### [Task prompt]
The records below are to be reproduced exactly, and no picture should appear in the copy.

Source records: Begin

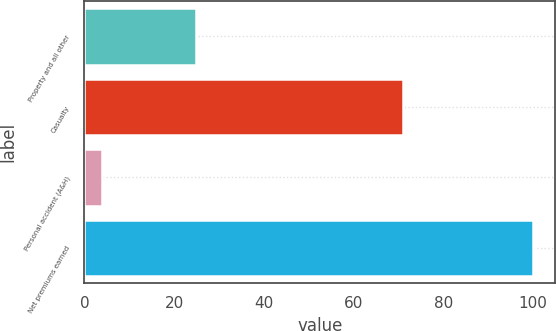Convert chart to OTSL. <chart><loc_0><loc_0><loc_500><loc_500><bar_chart><fcel>Property and all other<fcel>Casualty<fcel>Personal accident (A&H)<fcel>Net premiums earned<nl><fcel>25<fcel>71<fcel>4<fcel>100<nl></chart> 
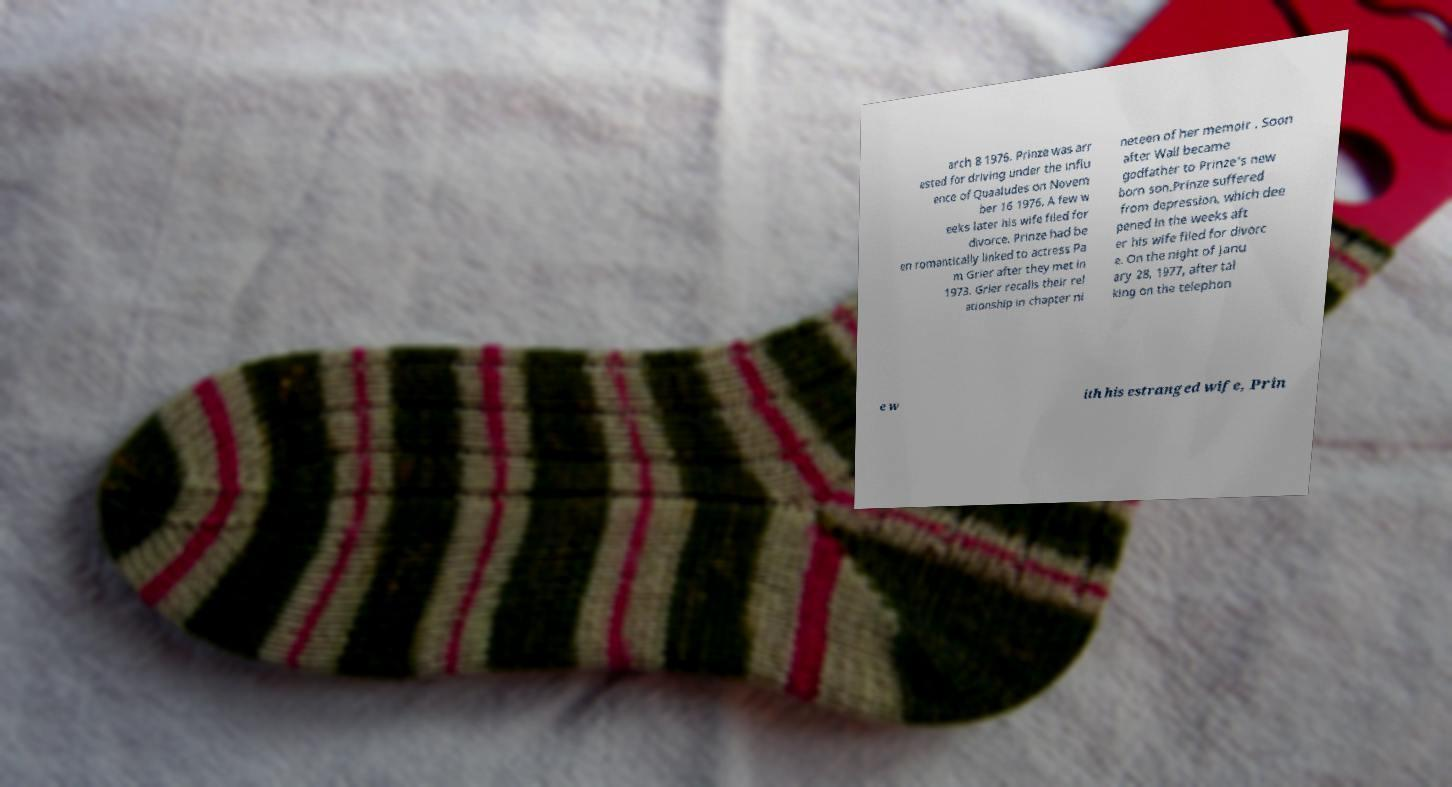Can you read and provide the text displayed in the image?This photo seems to have some interesting text. Can you extract and type it out for me? arch 8 1976. Prinze was arr ested for driving under the influ ence of Quaaludes on Novem ber 16 1976. A few w eeks later his wife filed for divorce. Prinze had be en romantically linked to actress Pa m Grier after they met in 1973. Grier recalls their rel ationship in chapter ni neteen of her memoir . Soon after Wall became godfather to Prinze's new born son.Prinze suffered from depression, which dee pened in the weeks aft er his wife filed for divorc e. On the night of Janu ary 28, 1977, after tal king on the telephon e w ith his estranged wife, Prin 
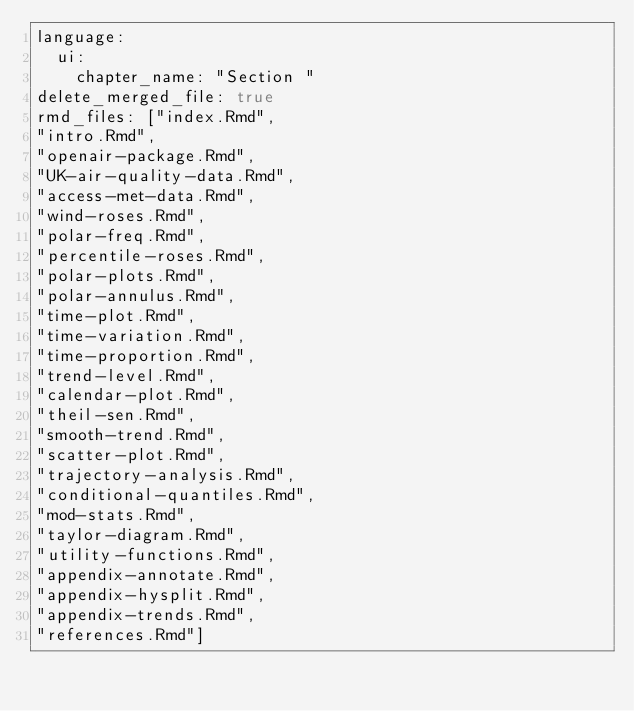<code> <loc_0><loc_0><loc_500><loc_500><_YAML_>language:
  ui:
    chapter_name: "Section "
delete_merged_file: true
rmd_files: ["index.Rmd", 
"intro.Rmd",
"openair-package.Rmd",
"UK-air-quality-data.Rmd",
"access-met-data.Rmd",
"wind-roses.Rmd",
"polar-freq.Rmd",
"percentile-roses.Rmd",
"polar-plots.Rmd",
"polar-annulus.Rmd",
"time-plot.Rmd",
"time-variation.Rmd",
"time-proportion.Rmd",
"trend-level.Rmd",
"calendar-plot.Rmd",
"theil-sen.Rmd",
"smooth-trend.Rmd",
"scatter-plot.Rmd",
"trajectory-analysis.Rmd",
"conditional-quantiles.Rmd",
"mod-stats.Rmd",
"taylor-diagram.Rmd",
"utility-functions.Rmd",
"appendix-annotate.Rmd",
"appendix-hysplit.Rmd",
"appendix-trends.Rmd",
"references.Rmd"]</code> 
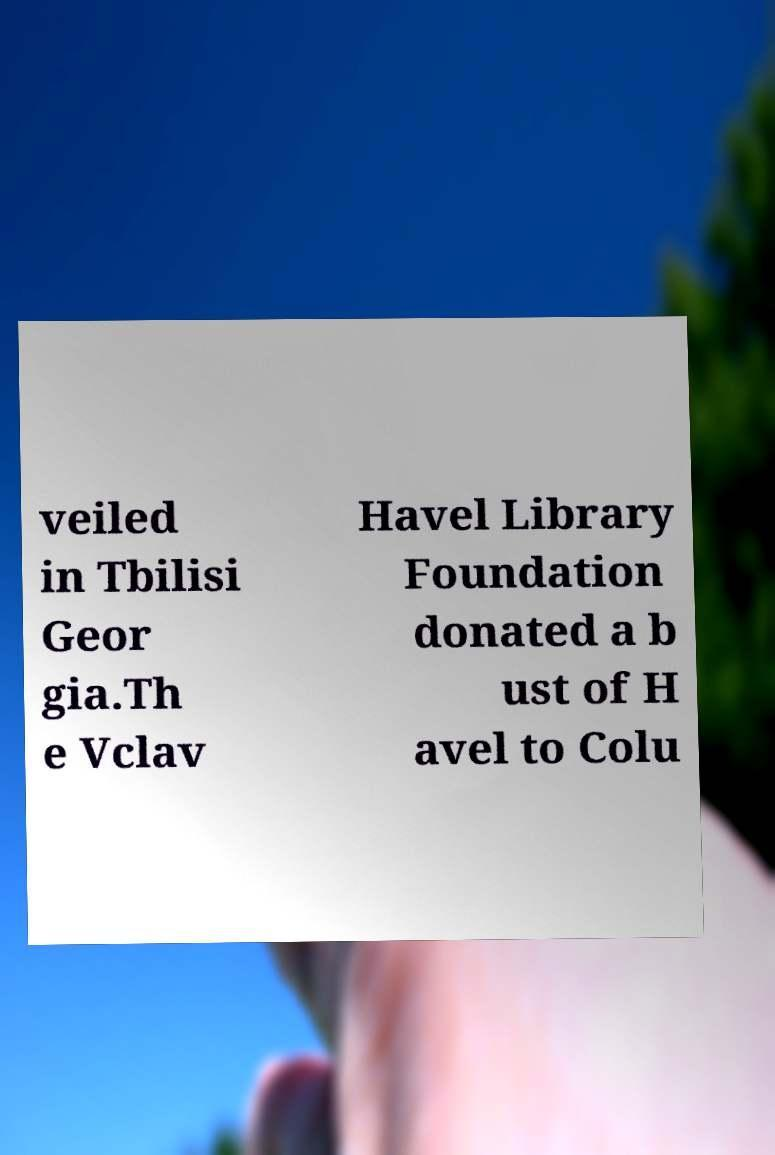Please read and relay the text visible in this image. What does it say? veiled in Tbilisi Geor gia.Th e Vclav Havel Library Foundation donated a b ust of H avel to Colu

Source records: End

### [Response for this exercise]
Convert chart to OTSL. <chart><loc_0><loc_0><loc_500><loc_500><bar_chart><fcel>Property and all other<fcel>Casualty<fcel>Personal accident (A&H)<fcel>Net premiums earned<nl><fcel>25<fcel>71<fcel>4<fcel>100<nl></chart> 
Can you read and provide the text displayed in the image?This photo seems to have some interesting text. Can you extract and type it out for me? arch 8 1976. Prinze was arr ested for driving under the influ ence of Quaaludes on Novem ber 16 1976. A few w eeks later his wife filed for divorce. Prinze had be en romantically linked to actress Pa m Grier after they met in 1973. Grier recalls their rel ationship in chapter ni neteen of her memoir . Soon after Wall became godfather to Prinze's new born son.Prinze suffered from depression, which dee pened in the weeks aft er his wife filed for divorc e. On the night of Janu ary 28, 1977, after tal king on the telephon e w ith his estranged wife, Prin 
<code> <loc_0><loc_0><loc_500><loc_500><_YAML_>language:
  ui:
    chapter_name: "Section "
delete_merged_file: true
rmd_files: ["index.Rmd", 
"intro.Rmd",
"openair-package.Rmd",
"UK-air-quality-data.Rmd",
"access-met-data.Rmd",
"wind-roses.Rmd",
"polar-freq.Rmd",
"percentile-roses.Rmd",
"polar-plots.Rmd",
"polar-annulus.Rmd",
"time-plot.Rmd",
"time-variation.Rmd",
"time-proportion.Rmd",
"trend-level.Rmd",
"calendar-plot.Rmd",
"theil-sen.Rmd",
"smooth-trend.Rmd",
"scatter-plot.Rmd",
"trajectory-analysis.Rmd",
"conditional-quantiles.Rmd",
"mod-stats.Rmd",
"taylor-diagram.Rmd",
"utility-functions.Rmd",
"appendix-annotate.Rmd",
"appendix-hysplit.Rmd",
"appendix-trends.Rmd",
"references.Rmd"]</code> 
Please read and relay the text visible in this image. What does it say? veiled in Tbilisi Geor gia.Th e Vclav Havel Library Foundation donated a b ust of H avel to Colu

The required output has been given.